L. Neil Smith's

Number 19, December 1, 1996

Armed and Dangerous: To Criminals!

By Sunni Maravillosa

Exclusive to The Libertarian Enterprise

         I used to hate guns. I used to think that it was the gun's fault that some people were so brutally violent toward others. I couldn't understand why someone would want one, and thought that people who liked guns were "gun nuts". For many years I vowed I would never have a gun in my house.
         Now, I am the proud owner of a .45 auto Sig-Sauer. I have a wish-list of accessories I'd like for it, as well as a list of other firearms I want, including a shotgun and a high-power, scoped rifle. I love to go target shooting. I love the smell of gunpowder, the clink of spent brass.
         What led to my complete change in attitude?
         It was nothing specific, really, no crime committed against me. I simply awoke, gradually, to some harsh realities.
         Being a woman, I recognized the fact that most men are stronger than I am. And that men commit most violent crimes. So, if someone were to try to hurt me, I would probably be at a disadvantage at the outset.
         I also realized that the protection offered by the police is an illusion. They cannot protect everybody, and they do not. At best they can collect information after the fact, and in some cases they catch the aggressor. Whether or not justice is served in this way is best saved for a different essay.
         Most importantly, I asked myself, "Whose life are you living?" MINE! And whose responsibility am I? MY OWN! This set me to thinking about what I would be willing to do to protect my life and property.
         This is not just a simple mental exercise. A crucial, fundamental principle is at work here. If I won't protect myself, what right do I have to expect another person to risk his or her life for mine? It's a moral question. One has a duty to protect oneself to the best of one's ability.
         My answer involves firearms. They have many advantages: they are a great equalizer of force; they do not require brute strength nor close proximity to be effective; and they often act as a powerful deterrent upon sight.
         The first firearm I owned, along with my then husband, was a 12-gauge shotgun-- a Remington 870 Wingmaster. And what a joy it was to shoot that gun! Once I had learned the basics of proper gun handling and safety (this is absolutely essential; most gun accidents happen because of unsafe handling), learning to sight and shoot it was pure pleasure for me. One of the most satisfying aspects of the process was the knowledge that, if someone were to try to aggress upon me, I would be able to defend myself. The brute strength disadvantage disappeared.

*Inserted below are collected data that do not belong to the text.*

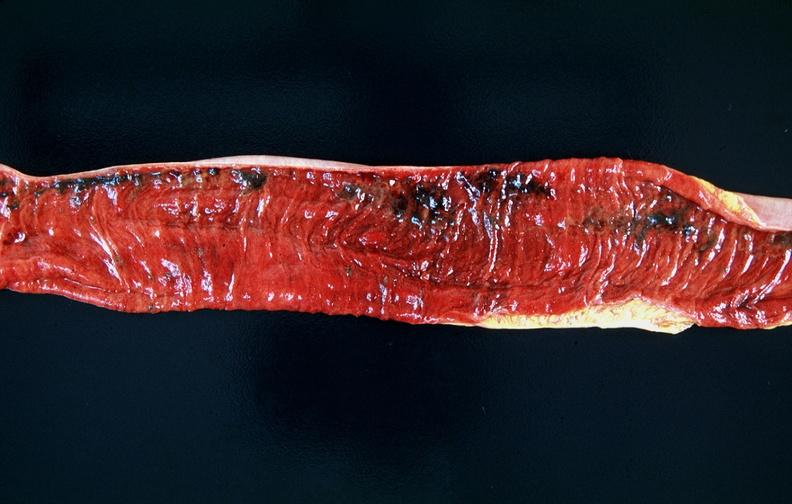s metastatic carcinoma prostate present?
Answer the question using a single word or phrase. No 
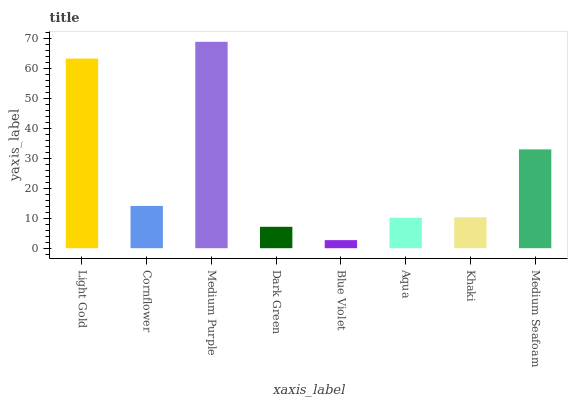Is Blue Violet the minimum?
Answer yes or no. Yes. Is Medium Purple the maximum?
Answer yes or no. Yes. Is Cornflower the minimum?
Answer yes or no. No. Is Cornflower the maximum?
Answer yes or no. No. Is Light Gold greater than Cornflower?
Answer yes or no. Yes. Is Cornflower less than Light Gold?
Answer yes or no. Yes. Is Cornflower greater than Light Gold?
Answer yes or no. No. Is Light Gold less than Cornflower?
Answer yes or no. No. Is Cornflower the high median?
Answer yes or no. Yes. Is Khaki the low median?
Answer yes or no. Yes. Is Blue Violet the high median?
Answer yes or no. No. Is Aqua the low median?
Answer yes or no. No. 
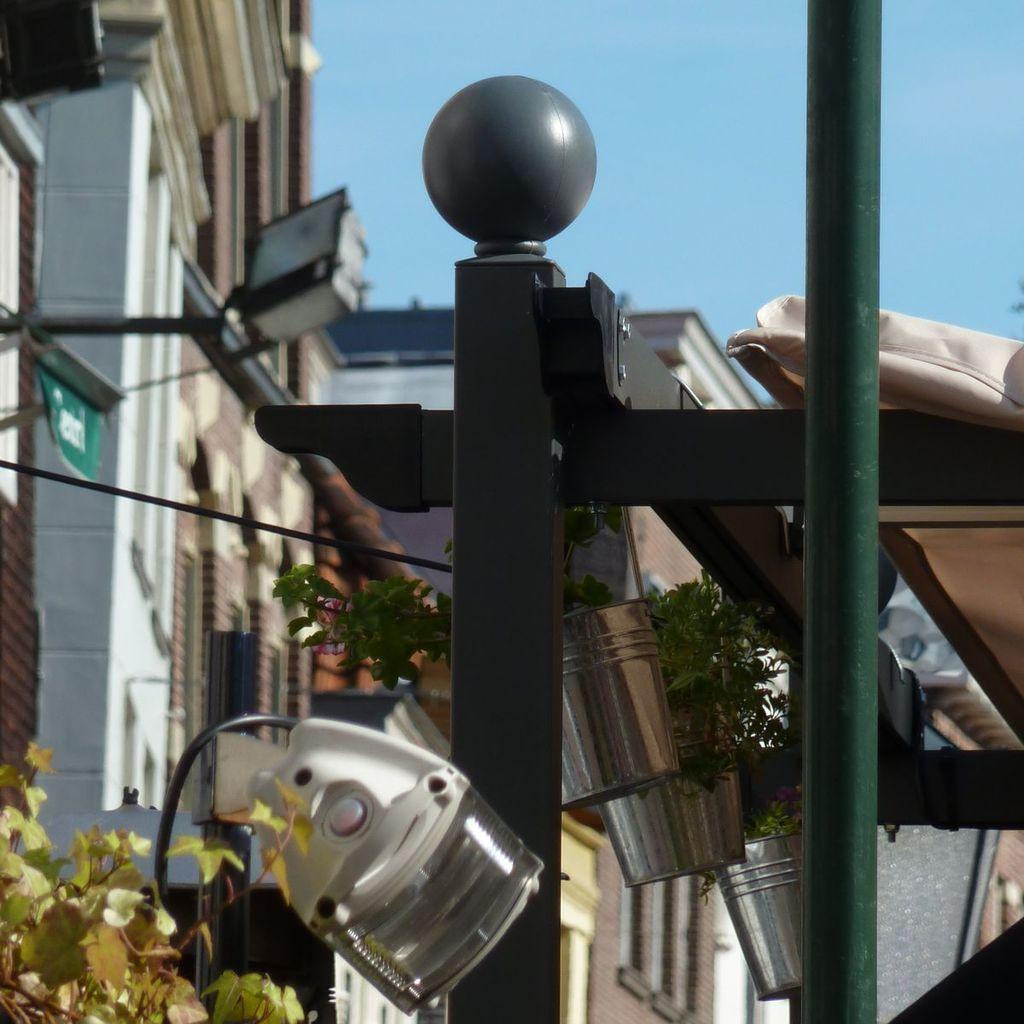Where was the image taken? The image was clicked outside. What can be seen in the middle of the image? There are plants and buildings in the middle of the image. What is visible at the top of the image? The sky is visible at the top of the image. What type of lighting is present at the bottom of the image? There is light at the bottom of the image. What type of record can be seen spinning on a turntable in the image? There is no record or turntable present in the image. Can you see an airplane flying in the sky in the image? The image does not show an airplane flying in the sky. 
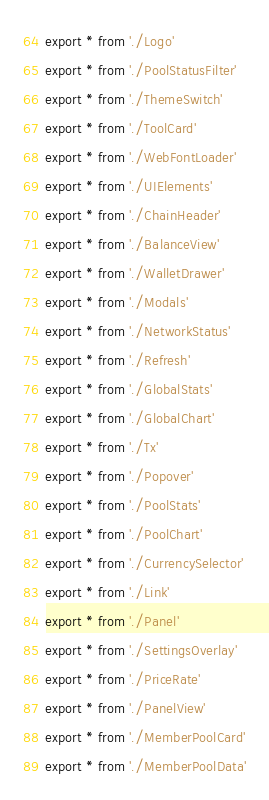<code> <loc_0><loc_0><loc_500><loc_500><_TypeScript_>export * from './Logo'
export * from './PoolStatusFilter'
export * from './ThemeSwitch'
export * from './ToolCard'
export * from './WebFontLoader'
export * from './UIElements'
export * from './ChainHeader'
export * from './BalanceView'
export * from './WalletDrawer'
export * from './Modals'
export * from './NetworkStatus'
export * from './Refresh'
export * from './GlobalStats'
export * from './GlobalChart'
export * from './Tx'
export * from './Popover'
export * from './PoolStats'
export * from './PoolChart'
export * from './CurrencySelector'
export * from './Link'
export * from './Panel'
export * from './SettingsOverlay'
export * from './PriceRate'
export * from './PanelView'
export * from './MemberPoolCard'
export * from './MemberPoolData'</code> 
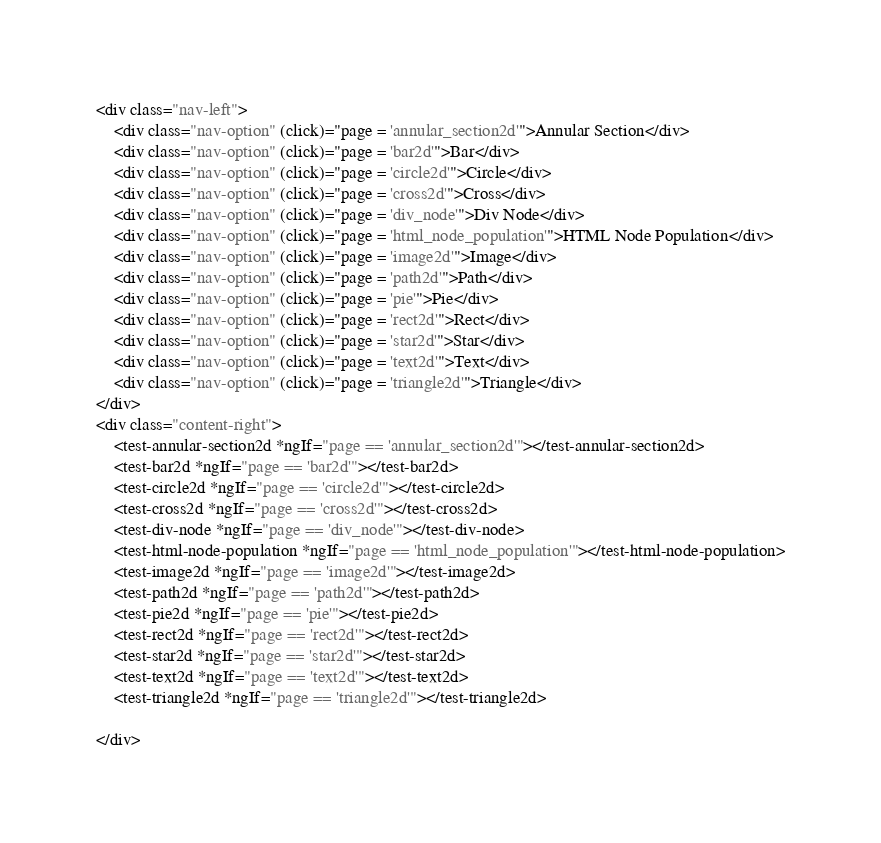<code> <loc_0><loc_0><loc_500><loc_500><_HTML_><div class="nav-left">
    <div class="nav-option" (click)="page = 'annular_section2d'">Annular Section</div>
    <div class="nav-option" (click)="page = 'bar2d'">Bar</div>
    <div class="nav-option" (click)="page = 'circle2d'">Circle</div>
    <div class="nav-option" (click)="page = 'cross2d'">Cross</div>
    <div class="nav-option" (click)="page = 'div_node'">Div Node</div>
    <div class="nav-option" (click)="page = 'html_node_population'">HTML Node Population</div>
    <div class="nav-option" (click)="page = 'image2d'">Image</div>
    <div class="nav-option" (click)="page = 'path2d'">Path</div>
    <div class="nav-option" (click)="page = 'pie'">Pie</div>
    <div class="nav-option" (click)="page = 'rect2d'">Rect</div>
    <div class="nav-option" (click)="page = 'star2d'">Star</div>
    <div class="nav-option" (click)="page = 'text2d'">Text</div>
    <div class="nav-option" (click)="page = 'triangle2d'">Triangle</div>
</div>
<div class="content-right">
    <test-annular-section2d *ngIf="page == 'annular_section2d'"></test-annular-section2d>
    <test-bar2d *ngIf="page == 'bar2d'"></test-bar2d>
    <test-circle2d *ngIf="page == 'circle2d'"></test-circle2d>
    <test-cross2d *ngIf="page == 'cross2d'"></test-cross2d>
    <test-div-node *ngIf="page == 'div_node'"></test-div-node>
    <test-html-node-population *ngIf="page == 'html_node_population'"></test-html-node-population>
    <test-image2d *ngIf="page == 'image2d'"></test-image2d>
    <test-path2d *ngIf="page == 'path2d'"></test-path2d>
    <test-pie2d *ngIf="page == 'pie'"></test-pie2d>
    <test-rect2d *ngIf="page == 'rect2d'"></test-rect2d>
    <test-star2d *ngIf="page == 'star2d'"></test-star2d>
    <test-text2d *ngIf="page == 'text2d'"></test-text2d>
    <test-triangle2d *ngIf="page == 'triangle2d'"></test-triangle2d>

</div></code> 
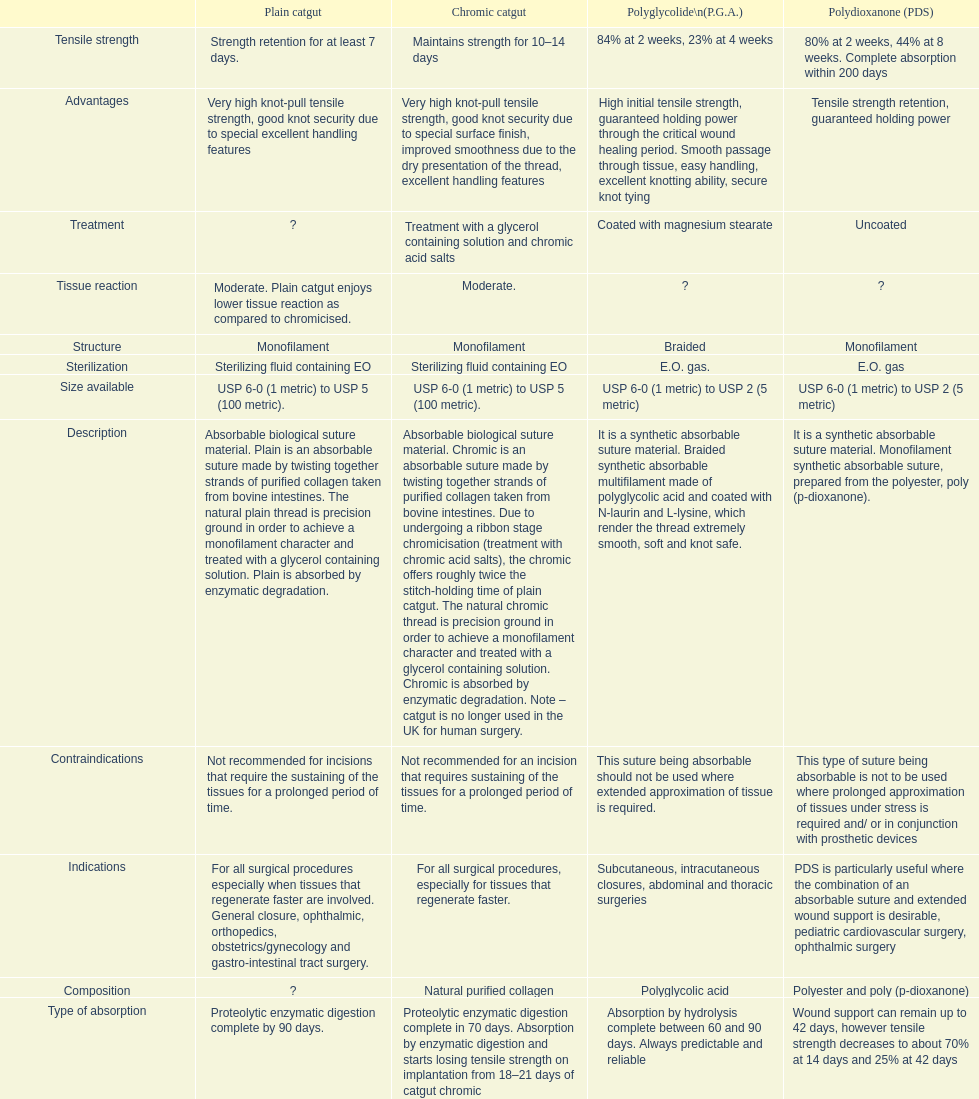What type of sutures are no longer used in the u.k. for human surgery? Chromic catgut. 
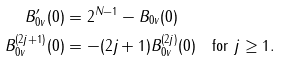<formula> <loc_0><loc_0><loc_500><loc_500>B ^ { \prime } _ { 0 v } ( 0 ) & = 2 ^ { N - 1 } - B _ { 0 v } ( 0 ) \\ B _ { 0 v } ^ { ( 2 j + 1 ) } ( 0 ) & = - ( 2 j + 1 ) B _ { 0 v } ^ { ( 2 j ) } ( 0 ) \quad \text {for $j \geq 1$} .</formula> 
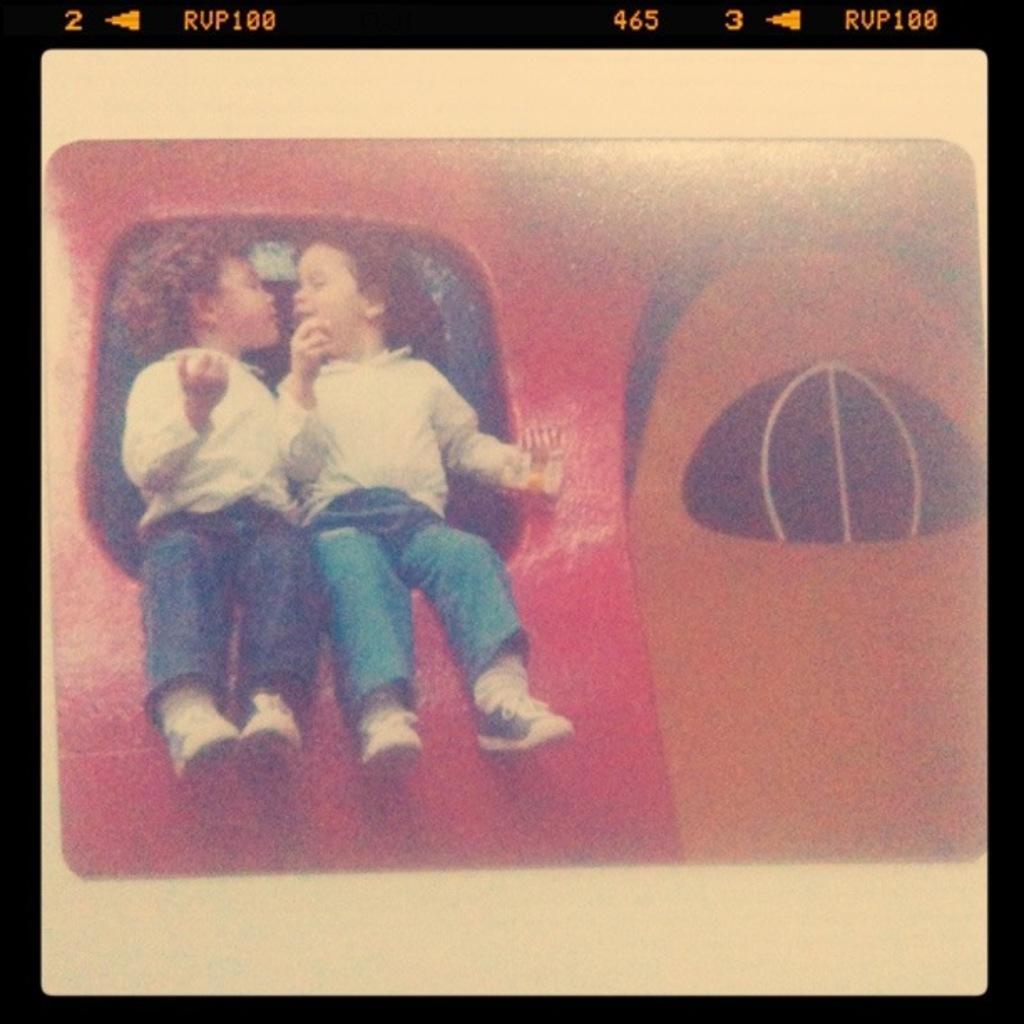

Not having any fear of the gun, I quickly became a consistently good shot with it.
         When my marriage ended, my husband kept the shotgun, due more to stereotypes rather than anything else. The two months I spent without a firearm, after having been accustomed to having one nearby, was a difficult period for me. I felt vulnerable. For the first time I realized how important a weapon of deadly force is to me. I never want to be an easy target for anyone. It took almost no thought for me to decide to purchase a handgun in order to protect myself, and eliminate that vulnerability.
         Researching and buying my Sig-Sauer P220 was an educational experience. Although some gun-shop owners still have 1950s-era attitudes, most people I talked to were helpful and willing to share their knowledge. I had expected some people to try to talk me down to a smaller caliber piece, but that rarely happened. Once I demonstrated that I had some knowledge and experience with guns, it almost always disappeared.
         The five-day waiting period that my state requires for a background check was among the longest waits in my life. These laws, and federal ones like the Brady Law, make it impossible for people to protect themselves with guns during that period, something that is one's right to do.
         My handgun is in a safe place, loaded at all times, and ready to use should the need arise. I have taken an oath to uphold the non-aggression principle, so I will never use it to aggress against another: But woe to anybody who tries to aggress upon me or my property!
         This is not a contradictory attitude with respect to the use of force. If someone initiates the use of force against me, my loved ones, or my property, it is my right and my responsibility to use whatever force is necessary to counter the attack. By arming myself and taking responsibility for my own protection, I have withdrawn from the ineffective government "protection" racket.
         Some people may read this and still be reluctant to accept my arguments for owning a firearm. Consider this: in a society where most individuals are armed, and it is difficult to identify the armed from the unarmed, what would the crime rate be? If the intended victim might be armed with equal or perhaps greater force than the aggressor, how would that affect the aggressor's decision? Violent criminals thrive in our society because they know the odds of any given person having a firearm are low. Government laws restrict access to firearms only for the law-abiding.
         Self-protection is not a right given to an individual by any government or other entity; it is one's by virtue of one's existence and the value a person puts in his or her life. If you do not value your life enough to act to preserve or maintain it, why should you expect anyone else to do so?

Sunni is a psychology professor at a private midwestern university. She thinks of herself as a 'stealth professor', planting question-bombs in her students' minds to encourage them to think about their values and liberty-related issues.